With the hope of continuing many of the promising conversations that began at the Summit, here is a quick summary of my key takeaways from the weekend:

Take moonshots

I am often frustrated by overly conservative ideas that are proposed as “solutions” to the business model challenges facing the media industry, so I was very encouraged to hear Ryan Frank’s closing keynote at the conference. Ryan spoke about the need to try “moonshot” projects, which are endeavors that can lead to 10X (not just 10%) improvements in how your organization operates. This was exactly the right message that student journalists — and their advisors and alumni benefactors — needed to hear.

Too often, we think that improvements on the margins — more banner ads on the website, launching a mobile app—are what’s needed to make journalism sustainable. Students and media professionals need to be more ambitious, however, and remember that the reason journalism thrived in the 20th century was because there was an unassailable business model surrounding it.

We should be in search of a similarly dominant venture that can support journalism in the 21st century, rather than modest improvements that will only serve to prolong the agony of losing audiences and revenue to companies such as Facebook, Google, and Snapchat, whose own moonshots have made them the dominant players in the media economy.

Think beyond advertising

An extension of the previous point is that it’s time for all media organizations — especially student media—to start thinking beyond advertising. There were several interesting sessions at the summit about opportunities for media organizations to offer agency services, and one statistic from the Borrell Associates report stood out:

Nearly half of college media advertisers would feel comfortable with students managing their email marketing and social media. That is a huge opportunity for student media to grow revenue from existing customers, which is much more efficient than acquiring new advertisers.

More broadly, there are other trends such as ad blockers and the growing importance of audience data that put traditional media organizations at a significant disadvantage vis-a-vis technology companies for advertising dollars.

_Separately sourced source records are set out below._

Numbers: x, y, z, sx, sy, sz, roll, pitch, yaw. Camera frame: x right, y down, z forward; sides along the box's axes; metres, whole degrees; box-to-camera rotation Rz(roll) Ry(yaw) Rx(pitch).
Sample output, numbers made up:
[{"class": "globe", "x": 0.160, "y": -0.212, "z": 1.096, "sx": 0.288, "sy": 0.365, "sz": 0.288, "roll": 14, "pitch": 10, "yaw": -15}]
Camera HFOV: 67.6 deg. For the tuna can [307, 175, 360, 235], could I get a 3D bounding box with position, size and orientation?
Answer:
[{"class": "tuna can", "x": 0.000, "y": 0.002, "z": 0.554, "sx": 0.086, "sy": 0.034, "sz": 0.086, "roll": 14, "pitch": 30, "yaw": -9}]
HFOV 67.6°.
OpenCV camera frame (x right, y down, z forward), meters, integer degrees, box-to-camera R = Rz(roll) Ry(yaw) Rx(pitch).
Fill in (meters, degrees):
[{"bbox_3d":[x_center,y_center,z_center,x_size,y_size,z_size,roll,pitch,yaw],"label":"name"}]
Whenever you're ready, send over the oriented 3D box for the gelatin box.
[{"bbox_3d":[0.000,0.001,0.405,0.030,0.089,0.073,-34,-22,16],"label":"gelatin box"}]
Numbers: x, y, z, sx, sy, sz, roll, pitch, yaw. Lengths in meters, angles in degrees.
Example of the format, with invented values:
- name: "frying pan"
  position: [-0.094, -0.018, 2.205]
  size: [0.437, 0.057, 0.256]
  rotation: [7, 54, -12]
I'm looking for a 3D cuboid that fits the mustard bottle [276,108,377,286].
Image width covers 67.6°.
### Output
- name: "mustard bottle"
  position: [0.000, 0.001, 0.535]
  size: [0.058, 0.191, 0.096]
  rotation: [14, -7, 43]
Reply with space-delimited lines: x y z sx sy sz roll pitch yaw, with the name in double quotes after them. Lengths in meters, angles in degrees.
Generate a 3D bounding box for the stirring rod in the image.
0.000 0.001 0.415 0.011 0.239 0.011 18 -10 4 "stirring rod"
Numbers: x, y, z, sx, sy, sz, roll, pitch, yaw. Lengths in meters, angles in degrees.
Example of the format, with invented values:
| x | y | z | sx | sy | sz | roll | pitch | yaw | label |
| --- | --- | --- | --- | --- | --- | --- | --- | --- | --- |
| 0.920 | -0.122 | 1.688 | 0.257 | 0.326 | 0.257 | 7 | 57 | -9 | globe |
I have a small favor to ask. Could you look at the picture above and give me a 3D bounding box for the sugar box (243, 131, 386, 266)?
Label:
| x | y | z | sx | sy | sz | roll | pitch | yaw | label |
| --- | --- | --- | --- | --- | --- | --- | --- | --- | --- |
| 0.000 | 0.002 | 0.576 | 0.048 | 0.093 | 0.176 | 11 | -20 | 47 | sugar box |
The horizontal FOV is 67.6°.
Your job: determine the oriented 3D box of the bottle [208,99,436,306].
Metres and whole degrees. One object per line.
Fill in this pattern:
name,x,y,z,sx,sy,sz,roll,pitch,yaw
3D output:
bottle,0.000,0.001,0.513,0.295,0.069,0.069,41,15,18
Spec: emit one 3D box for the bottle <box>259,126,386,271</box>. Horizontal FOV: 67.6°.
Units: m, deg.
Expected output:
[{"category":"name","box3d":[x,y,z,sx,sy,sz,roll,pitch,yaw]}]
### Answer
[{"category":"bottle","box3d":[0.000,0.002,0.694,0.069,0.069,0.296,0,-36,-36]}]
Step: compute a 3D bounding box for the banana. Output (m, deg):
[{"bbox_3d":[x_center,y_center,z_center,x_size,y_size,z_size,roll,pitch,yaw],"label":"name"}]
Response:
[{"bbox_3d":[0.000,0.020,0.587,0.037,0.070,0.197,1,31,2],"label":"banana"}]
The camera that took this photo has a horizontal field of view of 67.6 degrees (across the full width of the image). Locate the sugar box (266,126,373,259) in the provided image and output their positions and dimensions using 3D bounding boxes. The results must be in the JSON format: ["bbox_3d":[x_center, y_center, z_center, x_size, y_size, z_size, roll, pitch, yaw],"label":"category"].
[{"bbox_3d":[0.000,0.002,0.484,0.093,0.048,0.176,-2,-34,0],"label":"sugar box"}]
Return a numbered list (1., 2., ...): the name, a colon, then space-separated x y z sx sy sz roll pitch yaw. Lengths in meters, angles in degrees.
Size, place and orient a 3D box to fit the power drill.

Advertising money is still an important driver of newsroom revenues, but I think prospects for its future stability are uncertain at best. It is time for media organizations to diversify their revenue streams and think about how they can leverage other assets — such as creative skills and a built-in marketing apparatus—to generate money.

Create — and share—value

When Bob Benz asked about my biggest mistake from when I worked on The Cavalier Daily, I didn’t have to think too long about my answer:

Although my team was very successful at growing our digital audience, increasing engagement, and improving operational efficiency, we simply did not do enough on the revenue side. One missed opportunity stands out:

Our experience covering the 2012 leadership crisis at the University of Virginia revealed how much value our newspaper created for the broader community. Unfortunately, we didn’t do enough following that event to share in the value we created. If I could do it all over again, I would focus more energy on identifying potential benefactors in the community and collaborating on ways to leverage their resources to ensure our paper could provide similar ground-breaking coverage in the future.

The Cavalier Daily and the Cavalier Daily Alumni Association are doing a much better job in this regard today, as our upcoming #GivingToHoosDay initiative shows. But our missed opportunity in 2012 is an important lesson for other media organizations to keep in mind.

Keynote speaker Gordon Borrell put it even more succinctly — don’t do anything for free. It’s not sustainable for you or your community.

The future is now

It was great to see the level of interest in these topics among both students and professionals in attendance at the event. I find the transformation of the media industry to be one of the most compelling issues in modern business, as well as a matter of significant public importance. The Future of Student Media Summit was an excellent opportunity to focus on this challenge, and I look forward to seeing the new solutions that emerge from the conversations we had last weekend.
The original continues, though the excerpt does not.